A private high school in Los Angeles also has an FST system. The school uses the technology to recognize students when they arrive — a security measure intended to keep out unwanted interlopers. But it also serves to keep the students in line.
“If a girl will come to school at 8:05, the door will not open and she will be registered as late,” Mr. Farkash explained. “So you can use the system not only for security but for education, for better discipline.”
Faceprints and Civil Liberties
In February, Dr. Atick was invited to speak at a public meeting on face recognition convened by the National Telecommunications and Information Administration. It was part of an agency effort to corral industry executives and consumer advocates into devising a code for the technology’s commercial use.
But some tech industry representatives in attendance were reluctant to describe their plans or make public commitments to limit face recognition. Dr. Atick, who was serving on a panel, seemed to take their silence as an affront to his sense of industry accountability.
“Where is Google? Where is Facebook?” he loudly asked the audience at one point.
“Here,” one voice in the auditorium volunteered. That was about the only public contribution from the two companies that day.
The agency meetings on face recognition are continuing. In a statement, Matt Kallman, a Google spokesman, said the company was “participating in discussions to advance our view that the industry should make sure technology is in line with people’s expectations.”
A Facebook spokeswoman, Jodi Seth, said in a statement that the company was participating in the process. “Multi-stakeholder dialogues like this are critical to promoting people’s privacy,” she said, “but until a code of conduct exists, we can’t say whether we will sign it.”

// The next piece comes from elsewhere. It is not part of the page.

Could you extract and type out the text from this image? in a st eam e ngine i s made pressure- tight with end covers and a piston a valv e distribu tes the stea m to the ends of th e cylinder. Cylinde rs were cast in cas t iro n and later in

The fundamental concern about faceprinting is the possibility that it would be used to covertly identify a live person by name — and then serve as the link that would connect them, without their awareness or permission, to intimate details available online, like their home addresses, dating preferences, employment histories and religious beliefs. It’s not a hypothetical risk. In 2011, researchers at Carnegie Mellon reported in a study that they had used a face-recognition app to identify some students on campus by name, linking them to their public Facebook profiles and, in some cases, to their Social Security numbers.
As with many emerging technologies, the arguments tend to coalesce around two predictable poles: those who think the technology needs rules and regulation to prevent violations of civil liberties and those who fear that regulation would stifle innovation. But face recognition stands out among such technologies: While people can disable smartphone geolocation and other tracking techniques, they can’t turn off their faces.

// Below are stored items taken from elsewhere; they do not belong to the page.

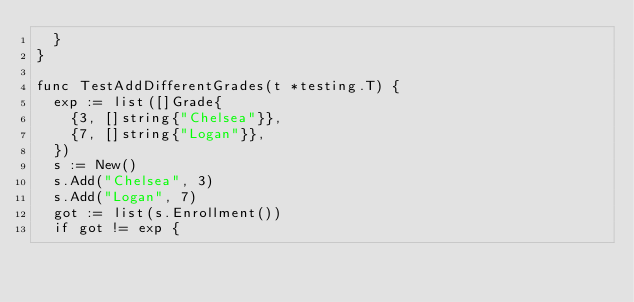Convert code to text. <code><loc_0><loc_0><loc_500><loc_500><_Go_>	}
}

func TestAddDifferentGrades(t *testing.T) {
	exp := list([]Grade{
		{3, []string{"Chelsea"}},
		{7, []string{"Logan"}},
	})
	s := New()
	s.Add("Chelsea", 3)
	s.Add("Logan", 7)
	got := list(s.Enrollment())
	if got != exp {</code> 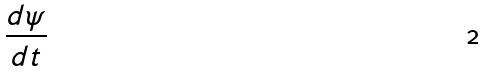<formula> <loc_0><loc_0><loc_500><loc_500>\frac { d \psi } { d t }</formula> 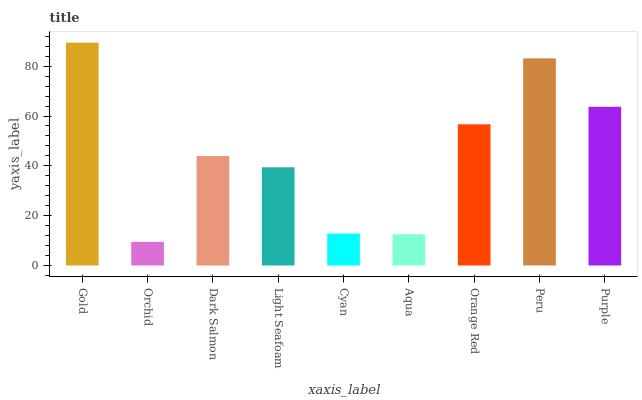Is Orchid the minimum?
Answer yes or no. Yes. Is Gold the maximum?
Answer yes or no. Yes. Is Dark Salmon the minimum?
Answer yes or no. No. Is Dark Salmon the maximum?
Answer yes or no. No. Is Dark Salmon greater than Orchid?
Answer yes or no. Yes. Is Orchid less than Dark Salmon?
Answer yes or no. Yes. Is Orchid greater than Dark Salmon?
Answer yes or no. No. Is Dark Salmon less than Orchid?
Answer yes or no. No. Is Dark Salmon the high median?
Answer yes or no. Yes. Is Dark Salmon the low median?
Answer yes or no. Yes. Is Purple the high median?
Answer yes or no. No. Is Cyan the low median?
Answer yes or no. No.

“Facial recognition involves the intersection of multiple research disciplines that have serious consequences for privacy, consumer protection and human rights,” wrote Jeffrey Chester, executive director of the nonprofit Center for Digital Democracy, in a recent blog post.
“Guidelines at this stage could stymie progress in a very promising market, and could kill investment,” Paul Schuepp, the chief executive of Animetrics, a company that supplies mobile face-recognition systems to the military, recently wrote on the company’s blog.
Dr. Atick takes a middle view.
To maintain the status quo around public anonymity, he says, companies should take a number of steps: They should post public notices where they use face recognition; seek permission from a consumer before collecting a faceprint with a unique, repeatable identifier like a name or code number; and use faceprints only for the specific purpose for which they have received permission. Those steps, he says, would inhibit sites, stores, apps and appliances from covertly linking a person in the real world with their multiple online personas.
“Some people believe that I am maybe inhibiting the industry from growing. I disagree,” Dr. Atick told me. “ I am helping industry make difficult choices, but the right choices.”
A version of this article appears in print on May 18, 2014, on page BU1 of the New York edition with the headline: Never Forgetting a Face.